In the 10 most recent Pennsylvania polls tracking the 2024 presidential race, Donald Trump leads in eight and is tied with Biden in one. The one poll with a Biden lead is an outlier, a dubious Franklin and Marshall poll that says Biden’s up by 10.

The net result is that, in the weeks after his conviction on felony charges in a Manhattan courthouse, Trump’s margin over Biden has expanded to a 2.3 percent lead. On Thursday, the University of Virginia’s Center for Politics moved Pennsylvania from “leans Democrat” to the “toss up” category.

And it’s not just the presidential race.

“Sen. Bob Casey (D-Pa.) remains a favorite in our ratings, but our shift of Pennsylvania to Toss-up in the presidential race prompts a concurrent change in his race, from Likely to Leans Democratic,” wrote Kyle Kondik, managing editor of Sabato’s Crystal Ball at UVA.

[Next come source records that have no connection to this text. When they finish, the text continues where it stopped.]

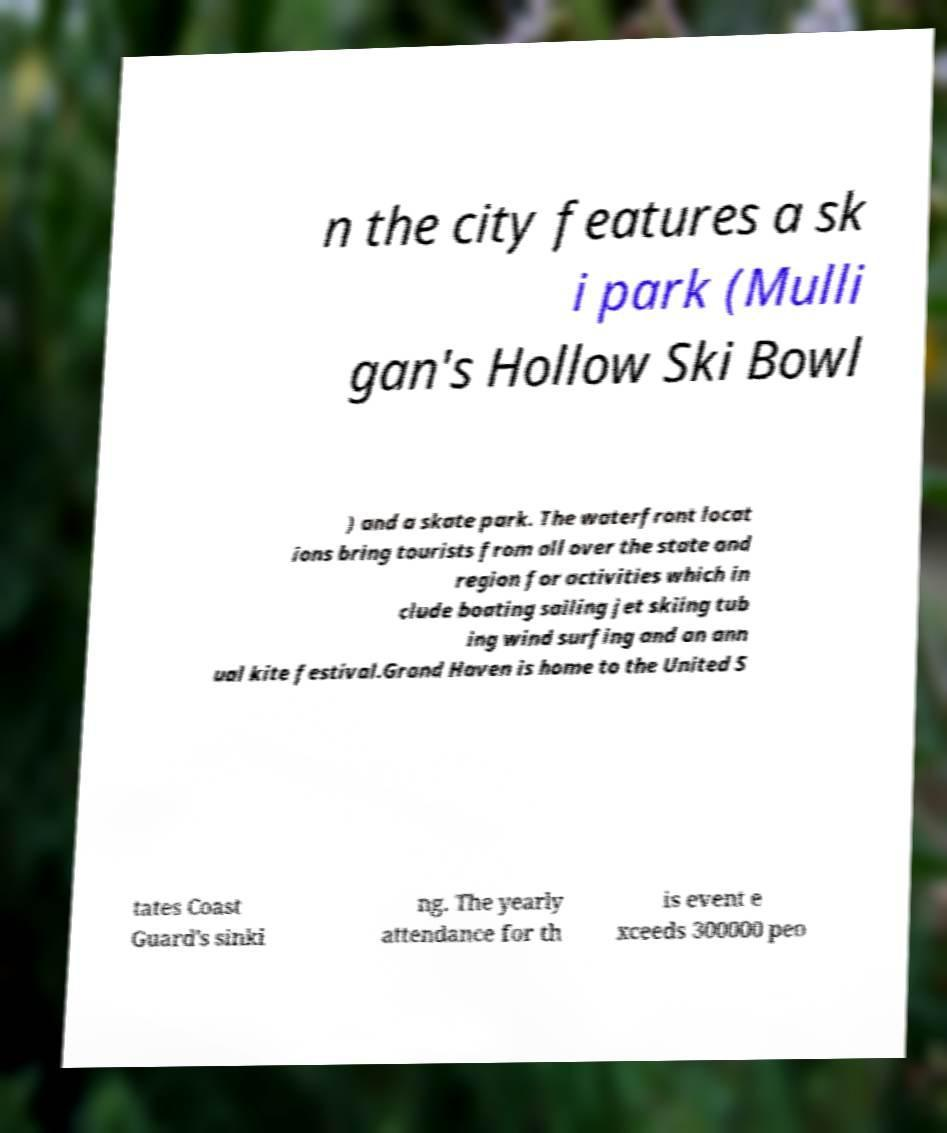For documentation purposes, I need the text within this image transcribed. Could you provide that? n the city features a sk i park (Mulli gan's Hollow Ski Bowl ) and a skate park. The waterfront locat ions bring tourists from all over the state and region for activities which in clude boating sailing jet skiing tub ing wind surfing and an ann ual kite festival.Grand Haven is home to the United S tates Coast Guard's sinki ng. The yearly attendance for th is event e xceeds 300000 peo 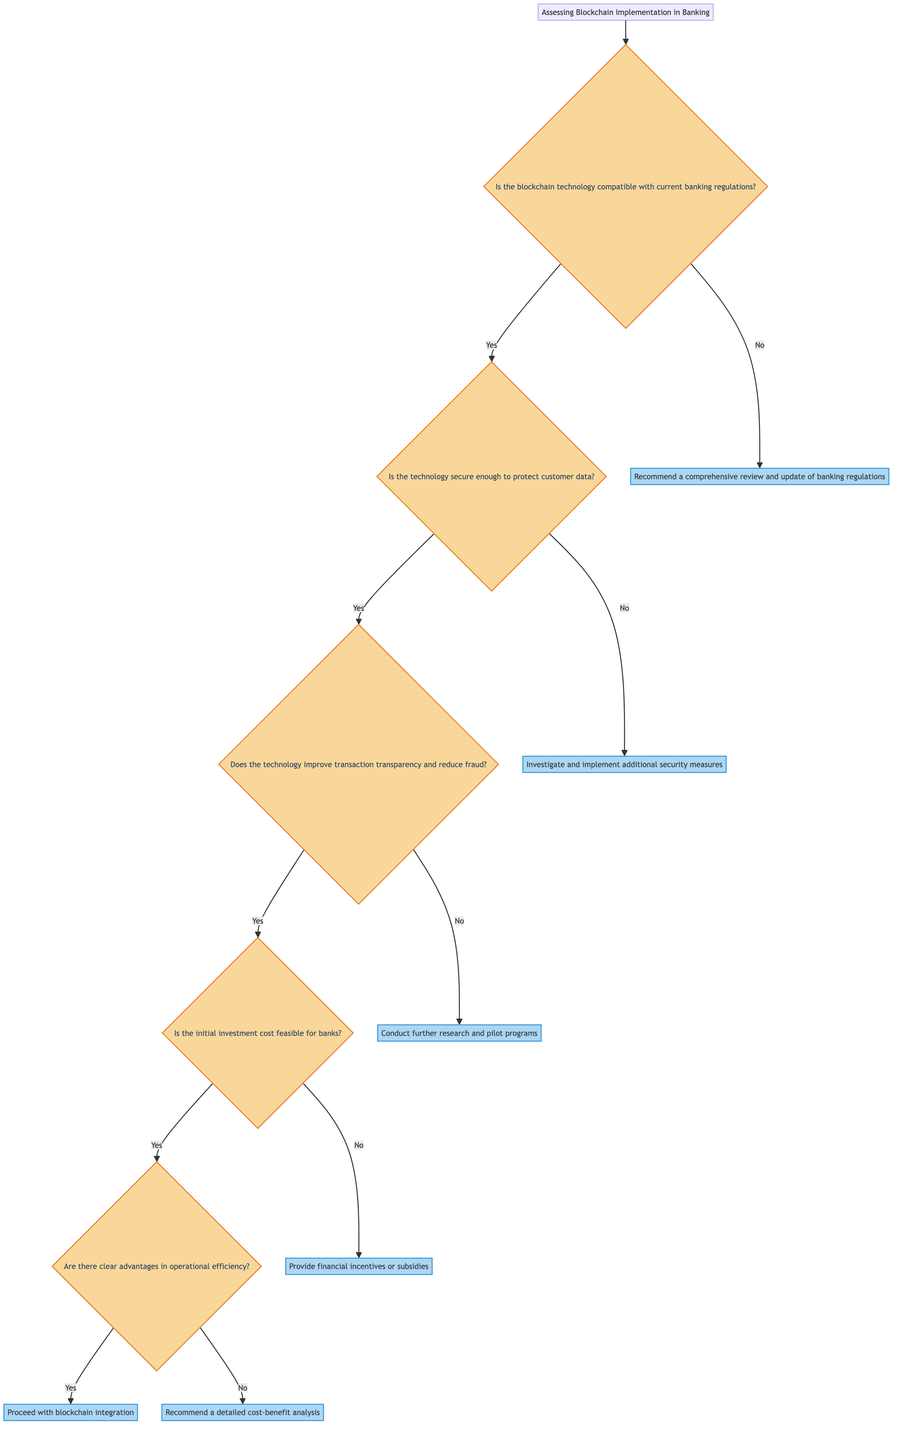What is the starting node in the decision tree? The starting node is labeled as "Assessing Blockchain Implementation in Banking," which is the first point in the diagram from which all other nodes branch out.
Answer: Assessing Blockchain Implementation in Banking How many total nodes are in the diagram? There are 12 nodes in total: one start node and eleven additional nodes representing questions and actions throughout the decision tree.
Answer: 12 Which node leads to recommending a comprehensive review of banking regulations? The action to recommend a comprehensive review occurs when the answer to the question regarding compatibility with banking regulations is "No," which is found at node 3 in the diagram.
Answer: Recommend a comprehensive review and update of banking regulations If the technology is secure but does not improve transaction transparency, what action is recommended? Following the path from the "Is the technology secure enough?" question, if the answer is "No" to the transparency question, the action taken is to conduct further research and pilot programs. This is indicated at node 7.
Answer: Conduct further research and pilot programs What happens if the initial investment cost for blockchain implementation is not feasible for banks? If the initial investment cost is deemed unfeasible (answer "No" at node 6), the next action is to provide financial incentives or subsidies to support blockchain adoption in the banking sector, which is found at node 9.
Answer: Provide financial incentives or subsidies What do you need to determine after confirming that the technology improves transaction transparency and reduces fraud? After confirming the improvement in transaction transparency and fraud reduction (a "Yes" answer at node 4), the next step is to determine if the initial investment cost is feasible for banks, which leads to node 6.
Answer: Is the initial investment cost for blockchain implementation feasible for banks? What is the final outcome if there are clear advantages in operational efficiency and cost reduction? If it is concluded that there are clear advantages in operational efficiency and cost reduction (a "Yes" answer at node 10), the final action is to proceed with blockchain integration and begin formulating regulatory guidelines, indicated at node 10.
Answer: Proceed with blockchain integration and start formulating regulatory guidelines What action does the diagram suggest if security measures are found to be insufficient? If the technology is not secure enough to protect customer data (a "No" answer at node 2), the recommendation is to investigate and implement additional security measures or alternative technologies, represented at node 5.
Answer: Investigate and implement additional security measures or alternative technologies 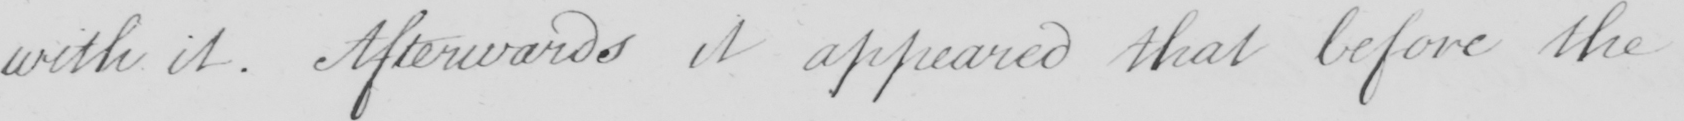Can you tell me what this handwritten text says? with it . Afterwards it appeared that before the 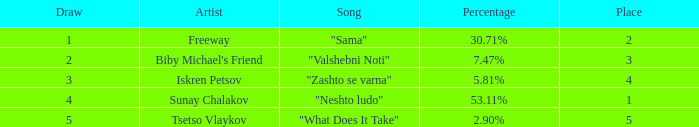In a situation where the place is below 3 and the percentage equals 30.71%, what is the highest draw? 1.0. 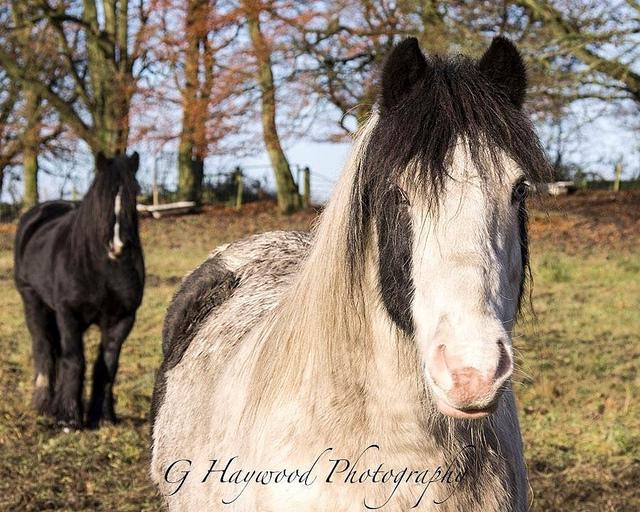How many horses are there?
Short answer required. 2. Should this horse have its hair in braids?
Concise answer only. No. What color is the horse in the background?
Concise answer only. Black. Are these horses in a meadow?
Keep it brief. Yes. 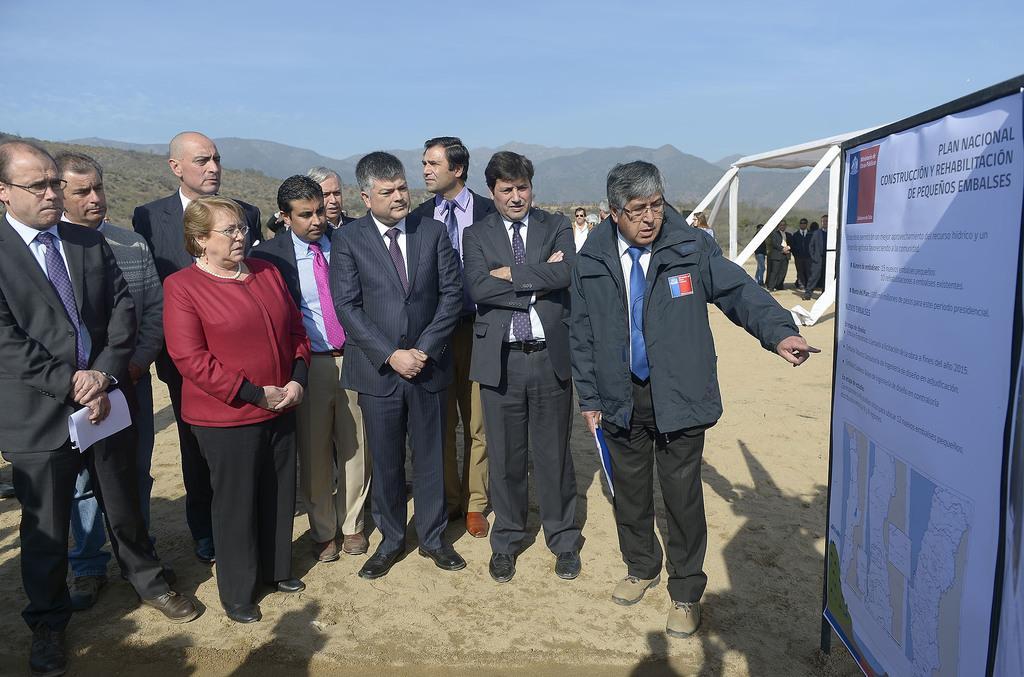In one or two sentences, can you explain what this image depicts? In this image we can see one women and men are standing. Men are wearing suits and woman is wearing red color jacket with black pant. Right side of the image one banner is there with some text and map. Background of the image mountains and persons are there. At the top of the image sky is there. 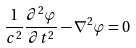<formula> <loc_0><loc_0><loc_500><loc_500>\frac { 1 } { c ^ { 2 } } \frac { \partial ^ { 2 } \varphi } { \partial t ^ { 2 } } - \nabla ^ { 2 } \varphi = 0</formula> 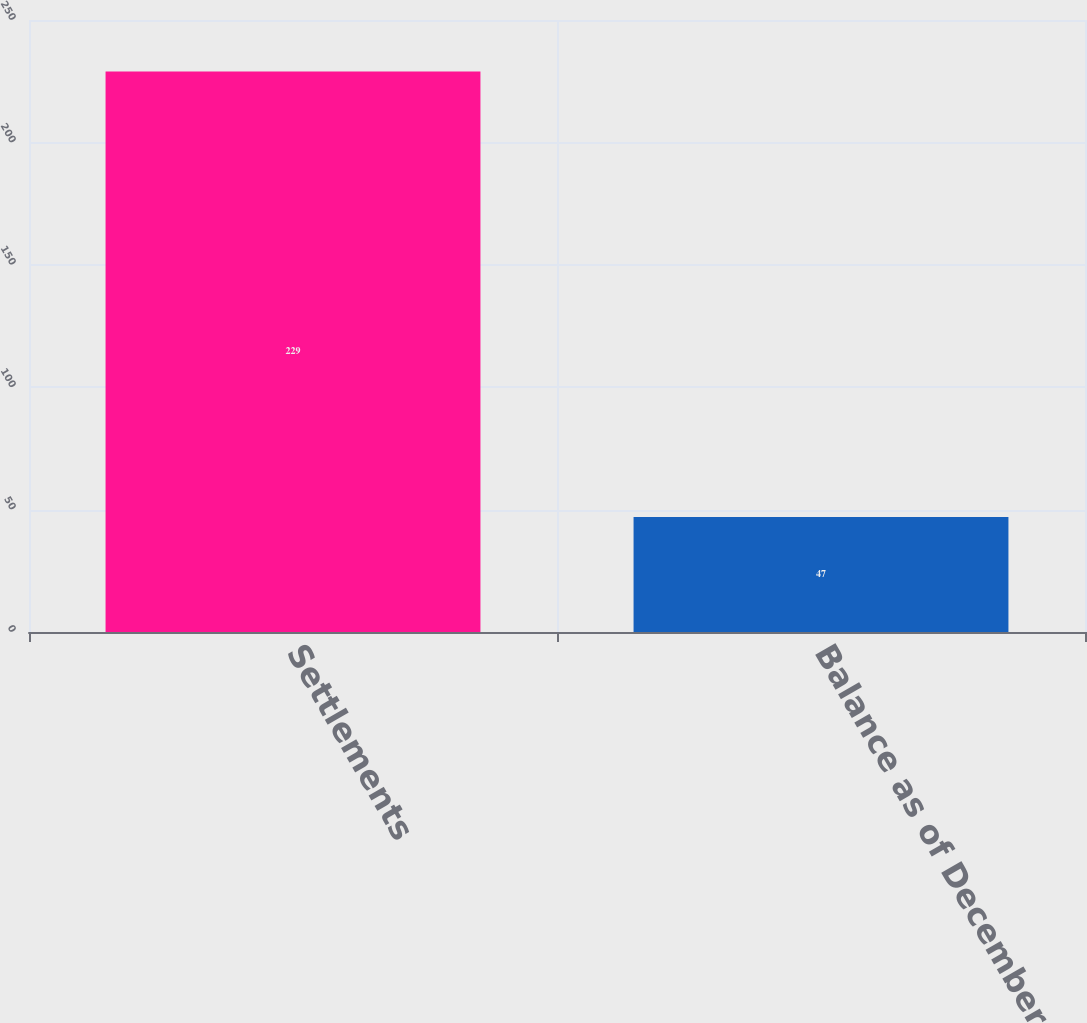Convert chart. <chart><loc_0><loc_0><loc_500><loc_500><bar_chart><fcel>Settlements<fcel>Balance as of December 31<nl><fcel>229<fcel>47<nl></chart> 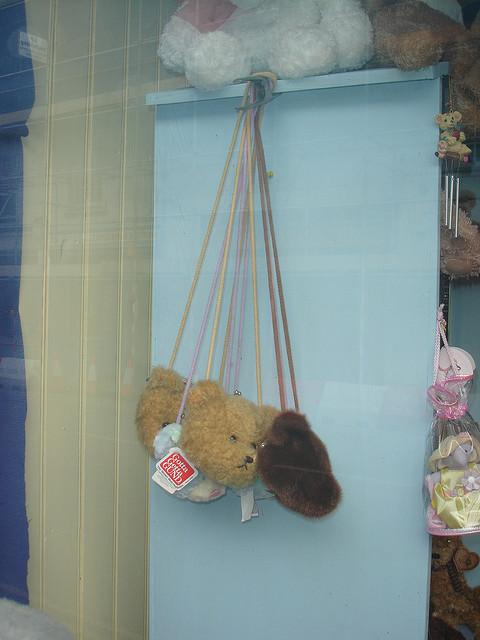What is the bear here doing?

Choices:
A) running
B) hanging
C) eating
D) jumping hanging 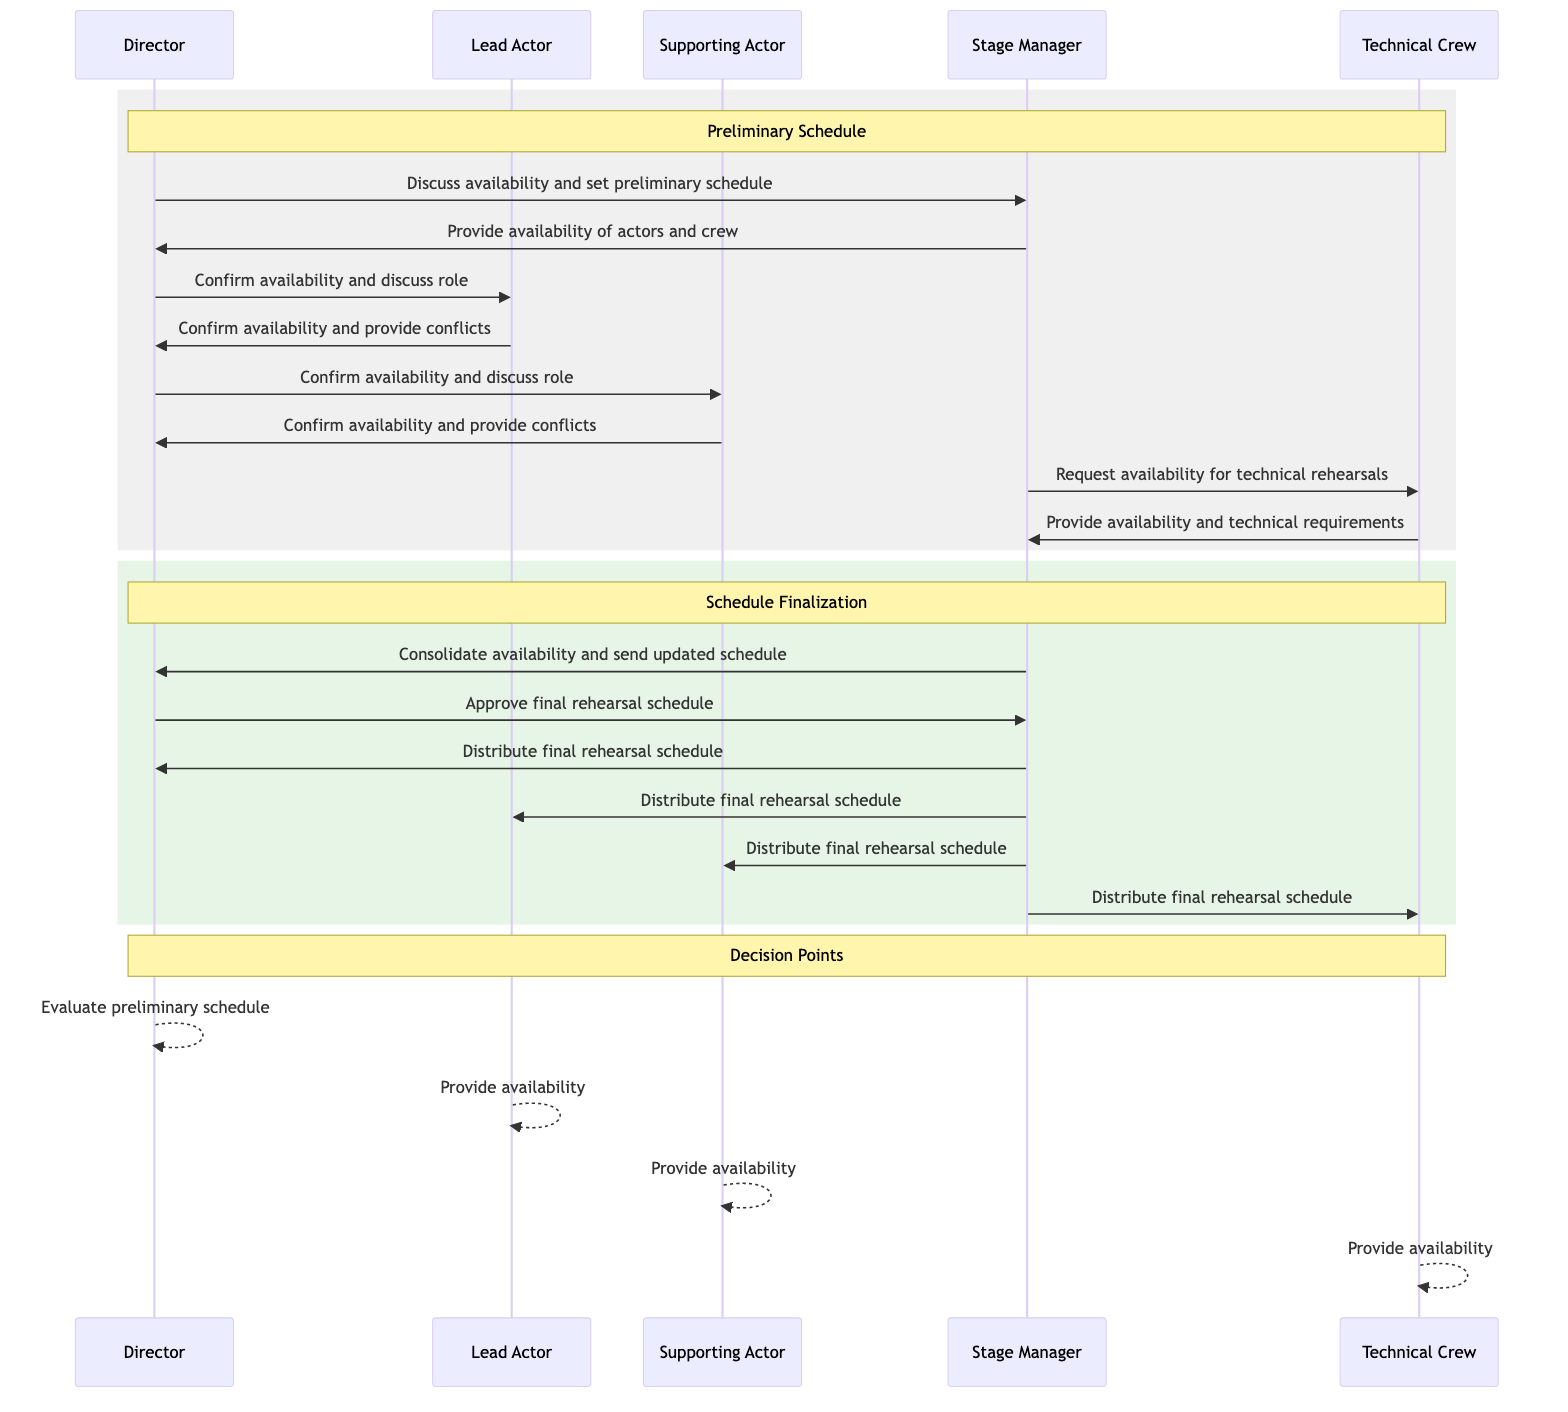What is the first message sent in the diagram? The first message is sent from the Director to the Stage Manager, discussing availability and setting a preliminary rehearsal schedule.
Answer: Discuss availability and set preliminary rehearsal schedule How many actors are directly involved in the rehearsal schedule coordination? The actors directly involved are the Director, Lead Actor, Supporting Actor, and Stage Manager. This totals four actors.
Answer: Four What is the last action taken in the diagram? The last action is the Stage Manager distributing the final rehearsal schedule to all participants.
Answer: Distribute final rehearsal schedule What does the Director evaluate in the decision points? The Director evaluates the preliminary schedule as part of the decision points.
Answer: Preliminary schedule Which actor confirms their availability last in the flow? The Supporting Actor confirms their availability last in the flow after the Lead Actor.
Answer: Supporting Actor What happens after the Technical Crew sends their availability? After the Technical Crew provides availability and technical requirements, the Stage Manager consolidates all availability and sends an updated schedule to the Director.
Answer: Consolidate availability and send updated schedule How many decision points are present in the diagram? There are three decision points present in the diagram that involve evaluating and providing availability.
Answer: Three What is the primary role of the Stage Manager in this sequence? The primary role of the Stage Manager is to coordinate the availability of actors and crew and manage the communication between the Director and the Technical Crew.
Answer: Coordinate availability Who is involved in confirming availability besides the Director? The Lead Actor and Supporting Actor are both involved in confirming their availability alongside the Director.
Answer: Lead Actor and Supporting Actor 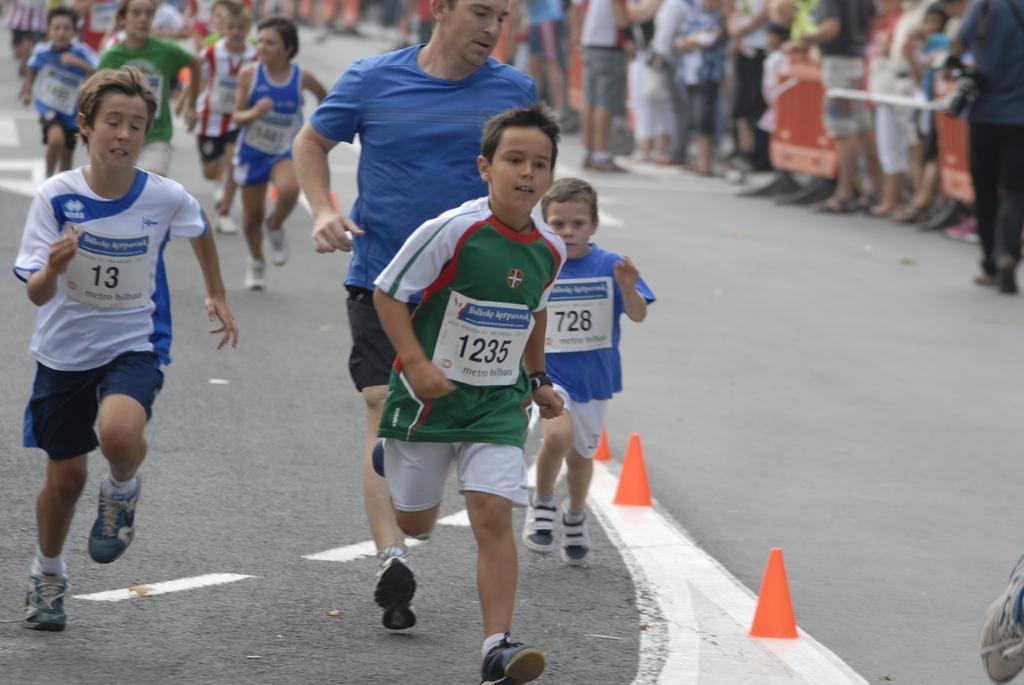Can you describe this image briefly? In the center of the image we can see a group of people running on the road. On the right side of the image we can see group of people standing.

A new Marist poll appears to support that trend. It found Trump with a two-point lead over Biden (47-45 percent), and Casey with a six-point lead over Republican challenger Dave McCormick.

Republican strategists say the presidential race will have a significant impact on the Senate race. But McCormick may also have another advantage: the electorate isn’t familiar with him. In other words, increased name ID may give him a natural bump over time.

The Marist Poll survey of 1,277 Pennsylvania voters revealed that 37 percent of the group didn’t know enough about McCormick. That included 28 percent of Republicans and 40 percent of independents. It also found that eight percent of Trump voters planned to cross party lines and vote for Casey.

Dr. Lee Miringoff with the Marist Institute for Public Opinion told DVJournal that McCormick has to establish himself more or he’ll play into Casey’s hands. “When an opponent sees low name recognition they will hurry up and define that candidate in terms that they like which may not be what McCormick likes.”

Democrats have sought to paint McCormick as an out-of-state extremist and millionaire who is out of touch with Pennsylvanians.

McCormick, who grew up in Bloomsburg before attending West Point, has a home in Pittsburgh. He’s also openly discussed his wealth on the campaign trail and said it can be used to connect with voters.

He recently wrapped up a tour of all 67 Pennsylvania counties. McCormick said the tour proved how Casey and President Joe Biden’s policies on the economy, inflation, and immigration hurt Pennsylvanians.

Polls show those issues are important to Keystone State voters. More than 30 percent of Marist poll respondents listed inflation as their top issue while immigration came in third. Similar results were reported by recent polls released by Siena/New York Times and AARP Research.

RealClearPolitics put Casey’s aggregate lead at five percent.

Multiple political strategists and analysts told DVJournal that McCormick has plenty of time and money to increase his name value.

“McCormick’s campaign will have essentially unlimited resources,” said longtime political consultant Craig Snyder. “By the time ordinary voters are ready to focus on this race, he will have, at least functionally, universal name recognition.”

Jeff Jubelirer with Bellevue Communications said it was surprising to see that Pennsylvania voters didn’t know McCormick but expected that to change. He said McCormick’s personal fortune and support from the Republican Party and super Political Action Committees will get him the name recognition he’ll need.

The Casey-McCormick race is expected to be one of the more expensive and hotly contested races in the country. A pro-McCormick Super PAC reserved $30 million in TV time last month. The Democratic Senatorial Campaign Committee and Casey’s campaigns have spent almost $18 million on ads.

Casey’s biggest advantage, and perhaps McCormick’s biggest obstacle, is that the three-term Democrat remains relatively popular with Pennsylvania voters. The Marist Poll reported that 46 percent of Pennsylvania voters had a favorable opinion of the incumbent.

Republican strategist Vince Galko, who advised former GOP U.S. Sen. Pat Toomey, told DVJournal that elections tend to be about the incumbent.

“Seventy-seven percent of people have already made up their mind about Bob Casey. McCormick really needs to spend more time going after Casey…tearing down Casey’s record and highlighting problems with Casey’s policies,” he said.

McCormick communications director Elizabeth Gregory told DVJournal the campaign plans to do exactly that.

“[We’ve been] training our fire on career politician Bob Casey, who has voted for Joe Biden’s failing agenda 98 percent of the time, fueling a border crisis that has killed over 4,000 Pennsylvanians from fentanyl, violent crime, record inflation and regulations that are killing the commonwealth’s energy sector,” she said.